#### [Goal of the exercise]
Could you copy every line of the data that contains "depth"?
▼
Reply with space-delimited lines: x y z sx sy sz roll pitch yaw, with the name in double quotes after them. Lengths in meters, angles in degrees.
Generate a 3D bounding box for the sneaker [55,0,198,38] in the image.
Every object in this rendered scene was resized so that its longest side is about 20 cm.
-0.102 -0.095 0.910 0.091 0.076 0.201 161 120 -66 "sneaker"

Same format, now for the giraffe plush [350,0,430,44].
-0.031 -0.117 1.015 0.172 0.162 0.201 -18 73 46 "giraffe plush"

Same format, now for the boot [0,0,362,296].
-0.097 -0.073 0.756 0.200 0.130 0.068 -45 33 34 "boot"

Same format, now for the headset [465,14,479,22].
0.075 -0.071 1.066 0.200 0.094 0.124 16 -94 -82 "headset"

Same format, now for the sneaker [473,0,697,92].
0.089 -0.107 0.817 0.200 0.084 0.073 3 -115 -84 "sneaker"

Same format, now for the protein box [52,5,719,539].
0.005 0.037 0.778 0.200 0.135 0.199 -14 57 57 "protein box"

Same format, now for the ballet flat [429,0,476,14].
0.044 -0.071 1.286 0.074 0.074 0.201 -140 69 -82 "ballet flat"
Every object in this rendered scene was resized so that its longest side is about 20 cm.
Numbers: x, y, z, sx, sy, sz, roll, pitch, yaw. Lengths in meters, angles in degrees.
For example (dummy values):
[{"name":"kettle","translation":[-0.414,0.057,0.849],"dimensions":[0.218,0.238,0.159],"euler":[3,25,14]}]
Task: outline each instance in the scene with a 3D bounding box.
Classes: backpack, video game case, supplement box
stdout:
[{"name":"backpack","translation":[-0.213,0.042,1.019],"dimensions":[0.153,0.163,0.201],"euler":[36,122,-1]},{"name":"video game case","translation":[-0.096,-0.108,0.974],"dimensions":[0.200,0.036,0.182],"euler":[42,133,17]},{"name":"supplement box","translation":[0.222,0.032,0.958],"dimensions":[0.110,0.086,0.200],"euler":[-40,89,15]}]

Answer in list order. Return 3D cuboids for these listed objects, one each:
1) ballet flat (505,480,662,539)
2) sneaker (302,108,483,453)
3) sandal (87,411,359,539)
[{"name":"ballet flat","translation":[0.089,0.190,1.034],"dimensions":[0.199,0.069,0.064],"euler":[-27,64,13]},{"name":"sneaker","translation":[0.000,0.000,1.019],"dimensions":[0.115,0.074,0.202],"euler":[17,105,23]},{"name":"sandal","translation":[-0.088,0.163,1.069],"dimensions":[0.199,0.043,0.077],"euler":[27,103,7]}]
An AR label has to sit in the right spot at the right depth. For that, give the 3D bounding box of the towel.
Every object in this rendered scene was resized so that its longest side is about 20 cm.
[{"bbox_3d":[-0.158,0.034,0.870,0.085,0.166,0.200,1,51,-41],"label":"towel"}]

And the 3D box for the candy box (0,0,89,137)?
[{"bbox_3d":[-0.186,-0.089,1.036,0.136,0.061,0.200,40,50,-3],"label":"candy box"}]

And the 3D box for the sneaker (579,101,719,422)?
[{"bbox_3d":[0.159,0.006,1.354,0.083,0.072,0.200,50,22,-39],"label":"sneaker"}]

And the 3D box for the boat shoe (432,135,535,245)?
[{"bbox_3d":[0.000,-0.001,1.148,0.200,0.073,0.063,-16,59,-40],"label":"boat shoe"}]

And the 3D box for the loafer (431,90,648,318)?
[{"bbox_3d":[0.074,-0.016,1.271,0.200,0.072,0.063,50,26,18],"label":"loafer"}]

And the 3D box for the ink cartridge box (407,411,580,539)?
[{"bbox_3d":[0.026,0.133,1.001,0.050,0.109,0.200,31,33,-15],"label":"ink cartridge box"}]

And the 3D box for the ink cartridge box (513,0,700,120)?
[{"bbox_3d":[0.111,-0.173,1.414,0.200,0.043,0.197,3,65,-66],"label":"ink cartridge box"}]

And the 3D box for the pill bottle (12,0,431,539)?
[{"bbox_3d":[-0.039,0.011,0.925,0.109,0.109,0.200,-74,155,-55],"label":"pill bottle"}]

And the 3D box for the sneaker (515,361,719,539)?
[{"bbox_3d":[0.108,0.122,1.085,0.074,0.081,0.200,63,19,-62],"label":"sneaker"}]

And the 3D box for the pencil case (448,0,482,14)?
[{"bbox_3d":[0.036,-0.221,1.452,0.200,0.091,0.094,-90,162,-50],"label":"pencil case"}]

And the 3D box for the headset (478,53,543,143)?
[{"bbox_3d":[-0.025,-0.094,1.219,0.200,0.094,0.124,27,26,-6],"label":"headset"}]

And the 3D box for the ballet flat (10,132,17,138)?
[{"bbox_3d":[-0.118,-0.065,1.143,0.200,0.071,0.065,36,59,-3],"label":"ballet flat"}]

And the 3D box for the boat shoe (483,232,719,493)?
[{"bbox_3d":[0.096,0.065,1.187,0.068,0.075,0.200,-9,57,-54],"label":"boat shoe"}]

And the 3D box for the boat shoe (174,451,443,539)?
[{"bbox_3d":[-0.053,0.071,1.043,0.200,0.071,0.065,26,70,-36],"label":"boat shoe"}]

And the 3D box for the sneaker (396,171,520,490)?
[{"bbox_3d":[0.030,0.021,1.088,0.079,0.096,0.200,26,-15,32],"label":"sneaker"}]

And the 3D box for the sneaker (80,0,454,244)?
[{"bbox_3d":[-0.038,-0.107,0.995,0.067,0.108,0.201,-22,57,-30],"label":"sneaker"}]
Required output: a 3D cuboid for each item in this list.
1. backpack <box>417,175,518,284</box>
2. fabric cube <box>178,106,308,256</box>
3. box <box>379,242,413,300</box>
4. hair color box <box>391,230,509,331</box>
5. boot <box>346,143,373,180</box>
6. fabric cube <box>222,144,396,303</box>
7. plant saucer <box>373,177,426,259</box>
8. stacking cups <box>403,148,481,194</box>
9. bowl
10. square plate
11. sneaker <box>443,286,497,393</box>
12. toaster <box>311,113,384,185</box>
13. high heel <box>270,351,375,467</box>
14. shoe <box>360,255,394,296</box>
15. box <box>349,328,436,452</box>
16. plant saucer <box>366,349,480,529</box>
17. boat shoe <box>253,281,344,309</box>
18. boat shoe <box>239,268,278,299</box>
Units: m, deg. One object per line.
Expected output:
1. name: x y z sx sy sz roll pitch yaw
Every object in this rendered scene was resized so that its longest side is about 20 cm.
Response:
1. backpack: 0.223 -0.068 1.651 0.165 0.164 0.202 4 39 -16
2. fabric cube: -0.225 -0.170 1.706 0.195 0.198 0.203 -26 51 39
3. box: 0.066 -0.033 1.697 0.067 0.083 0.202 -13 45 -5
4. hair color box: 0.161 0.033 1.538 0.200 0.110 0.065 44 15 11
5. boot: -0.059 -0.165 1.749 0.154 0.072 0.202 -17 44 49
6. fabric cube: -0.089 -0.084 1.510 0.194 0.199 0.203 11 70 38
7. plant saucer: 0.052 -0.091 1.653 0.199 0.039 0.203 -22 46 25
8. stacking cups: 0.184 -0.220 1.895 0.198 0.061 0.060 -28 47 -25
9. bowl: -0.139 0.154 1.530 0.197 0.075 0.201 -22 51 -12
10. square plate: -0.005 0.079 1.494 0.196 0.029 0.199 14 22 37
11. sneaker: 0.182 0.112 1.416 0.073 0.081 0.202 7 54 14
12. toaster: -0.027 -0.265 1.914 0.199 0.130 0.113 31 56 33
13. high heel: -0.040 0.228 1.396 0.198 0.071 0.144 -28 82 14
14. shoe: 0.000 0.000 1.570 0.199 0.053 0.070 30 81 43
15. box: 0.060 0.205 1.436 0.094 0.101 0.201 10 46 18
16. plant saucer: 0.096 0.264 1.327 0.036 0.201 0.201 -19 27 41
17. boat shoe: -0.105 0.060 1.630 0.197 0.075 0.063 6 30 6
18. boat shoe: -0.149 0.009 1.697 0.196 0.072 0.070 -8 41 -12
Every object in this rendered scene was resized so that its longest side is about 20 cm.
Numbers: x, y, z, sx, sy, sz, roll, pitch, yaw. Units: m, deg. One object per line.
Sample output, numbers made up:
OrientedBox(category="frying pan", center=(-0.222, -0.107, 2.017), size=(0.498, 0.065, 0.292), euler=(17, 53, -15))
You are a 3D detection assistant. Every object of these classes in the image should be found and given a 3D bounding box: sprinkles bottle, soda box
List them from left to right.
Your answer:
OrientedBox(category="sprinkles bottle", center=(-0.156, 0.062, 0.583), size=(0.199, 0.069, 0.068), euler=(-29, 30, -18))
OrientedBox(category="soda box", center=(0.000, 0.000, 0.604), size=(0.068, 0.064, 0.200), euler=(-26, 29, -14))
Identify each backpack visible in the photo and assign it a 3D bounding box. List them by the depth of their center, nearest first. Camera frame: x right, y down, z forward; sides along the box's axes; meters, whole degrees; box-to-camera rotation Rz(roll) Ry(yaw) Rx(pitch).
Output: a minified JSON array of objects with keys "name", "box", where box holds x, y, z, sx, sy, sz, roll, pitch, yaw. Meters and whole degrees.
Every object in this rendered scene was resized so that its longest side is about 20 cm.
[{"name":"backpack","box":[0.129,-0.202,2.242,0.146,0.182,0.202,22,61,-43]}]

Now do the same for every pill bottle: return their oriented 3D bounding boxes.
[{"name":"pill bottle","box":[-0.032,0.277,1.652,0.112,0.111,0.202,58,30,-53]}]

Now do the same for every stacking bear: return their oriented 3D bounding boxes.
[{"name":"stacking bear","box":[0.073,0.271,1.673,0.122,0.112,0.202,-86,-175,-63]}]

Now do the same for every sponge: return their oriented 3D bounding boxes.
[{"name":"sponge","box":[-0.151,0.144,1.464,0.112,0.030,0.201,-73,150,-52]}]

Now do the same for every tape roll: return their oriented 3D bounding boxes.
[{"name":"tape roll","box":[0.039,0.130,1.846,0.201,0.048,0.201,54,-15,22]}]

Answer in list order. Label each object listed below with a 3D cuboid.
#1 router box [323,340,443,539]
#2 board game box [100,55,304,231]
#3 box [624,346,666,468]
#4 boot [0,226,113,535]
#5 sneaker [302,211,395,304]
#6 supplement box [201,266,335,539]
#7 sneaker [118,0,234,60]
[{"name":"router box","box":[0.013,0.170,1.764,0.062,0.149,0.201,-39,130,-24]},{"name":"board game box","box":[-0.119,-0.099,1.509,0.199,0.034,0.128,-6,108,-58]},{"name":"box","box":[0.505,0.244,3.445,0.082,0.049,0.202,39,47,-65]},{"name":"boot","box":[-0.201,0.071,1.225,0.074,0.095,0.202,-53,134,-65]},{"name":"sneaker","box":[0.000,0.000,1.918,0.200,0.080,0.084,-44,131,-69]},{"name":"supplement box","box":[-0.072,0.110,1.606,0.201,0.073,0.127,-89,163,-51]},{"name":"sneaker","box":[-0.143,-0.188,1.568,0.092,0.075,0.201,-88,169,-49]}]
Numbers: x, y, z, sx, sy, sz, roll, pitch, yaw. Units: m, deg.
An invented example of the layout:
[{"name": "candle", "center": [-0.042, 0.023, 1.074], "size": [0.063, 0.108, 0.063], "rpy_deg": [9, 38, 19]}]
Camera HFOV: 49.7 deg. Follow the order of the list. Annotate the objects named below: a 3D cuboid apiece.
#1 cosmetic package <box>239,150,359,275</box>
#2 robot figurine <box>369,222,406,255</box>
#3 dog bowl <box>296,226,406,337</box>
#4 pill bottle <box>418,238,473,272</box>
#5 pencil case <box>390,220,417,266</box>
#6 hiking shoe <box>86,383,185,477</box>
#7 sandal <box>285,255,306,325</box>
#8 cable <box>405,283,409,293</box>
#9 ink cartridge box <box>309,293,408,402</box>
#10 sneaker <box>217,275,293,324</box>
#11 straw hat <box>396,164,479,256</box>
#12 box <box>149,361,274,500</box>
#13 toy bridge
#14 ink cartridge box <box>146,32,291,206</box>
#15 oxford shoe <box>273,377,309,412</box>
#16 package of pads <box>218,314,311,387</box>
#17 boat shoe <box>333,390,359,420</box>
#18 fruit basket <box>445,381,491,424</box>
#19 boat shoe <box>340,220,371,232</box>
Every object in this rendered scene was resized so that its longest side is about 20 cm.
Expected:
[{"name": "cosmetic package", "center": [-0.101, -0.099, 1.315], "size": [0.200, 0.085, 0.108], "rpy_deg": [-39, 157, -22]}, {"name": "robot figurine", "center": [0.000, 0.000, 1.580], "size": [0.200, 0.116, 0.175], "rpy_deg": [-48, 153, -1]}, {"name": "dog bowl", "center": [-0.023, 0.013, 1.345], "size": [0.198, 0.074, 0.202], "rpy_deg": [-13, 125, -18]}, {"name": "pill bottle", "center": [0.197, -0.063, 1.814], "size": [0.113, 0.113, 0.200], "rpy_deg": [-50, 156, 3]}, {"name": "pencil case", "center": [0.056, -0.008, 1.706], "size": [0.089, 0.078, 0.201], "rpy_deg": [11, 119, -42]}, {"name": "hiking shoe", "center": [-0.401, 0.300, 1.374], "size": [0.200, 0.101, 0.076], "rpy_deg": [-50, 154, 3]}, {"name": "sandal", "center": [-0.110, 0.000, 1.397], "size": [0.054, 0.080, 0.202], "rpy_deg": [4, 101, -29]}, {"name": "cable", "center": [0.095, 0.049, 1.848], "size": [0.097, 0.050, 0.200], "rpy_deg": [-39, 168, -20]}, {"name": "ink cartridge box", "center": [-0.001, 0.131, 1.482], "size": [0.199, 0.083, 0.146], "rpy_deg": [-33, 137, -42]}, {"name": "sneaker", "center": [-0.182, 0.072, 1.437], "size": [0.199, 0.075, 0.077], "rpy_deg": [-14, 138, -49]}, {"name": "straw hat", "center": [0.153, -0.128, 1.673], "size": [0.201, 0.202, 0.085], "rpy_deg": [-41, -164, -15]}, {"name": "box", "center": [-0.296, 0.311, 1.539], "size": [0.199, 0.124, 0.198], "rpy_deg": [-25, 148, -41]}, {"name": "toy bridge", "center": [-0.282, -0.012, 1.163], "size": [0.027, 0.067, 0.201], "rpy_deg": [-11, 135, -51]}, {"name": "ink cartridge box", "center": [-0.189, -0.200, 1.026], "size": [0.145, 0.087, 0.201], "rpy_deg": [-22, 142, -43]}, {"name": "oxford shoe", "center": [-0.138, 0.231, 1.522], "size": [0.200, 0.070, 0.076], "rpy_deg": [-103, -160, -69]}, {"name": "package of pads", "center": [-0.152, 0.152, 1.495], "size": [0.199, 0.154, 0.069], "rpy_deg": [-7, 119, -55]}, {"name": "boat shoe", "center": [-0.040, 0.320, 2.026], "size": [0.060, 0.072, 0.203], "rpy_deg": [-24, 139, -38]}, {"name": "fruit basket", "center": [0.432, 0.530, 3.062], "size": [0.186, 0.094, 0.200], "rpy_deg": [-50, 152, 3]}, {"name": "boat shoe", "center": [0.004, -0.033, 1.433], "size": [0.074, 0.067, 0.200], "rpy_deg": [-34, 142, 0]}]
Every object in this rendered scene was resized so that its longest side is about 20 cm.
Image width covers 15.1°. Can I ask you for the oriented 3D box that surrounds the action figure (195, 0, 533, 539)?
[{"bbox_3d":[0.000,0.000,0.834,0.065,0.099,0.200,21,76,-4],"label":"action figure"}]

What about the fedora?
▲
#### [Task response]
An AR label has to sit in the right spot at the right depth. For that, give the 3D bounding box of the towel.
Identify each backpack visible in the photo and assign it a 3D bounding box. List them by the depth of their center, nearest first. Camera frame: x right, y down, z forward; sides along the box's axes; meters, whole degrees; box-to-camera rotation Rz(roll) Ry(yaw) Rx(pitch).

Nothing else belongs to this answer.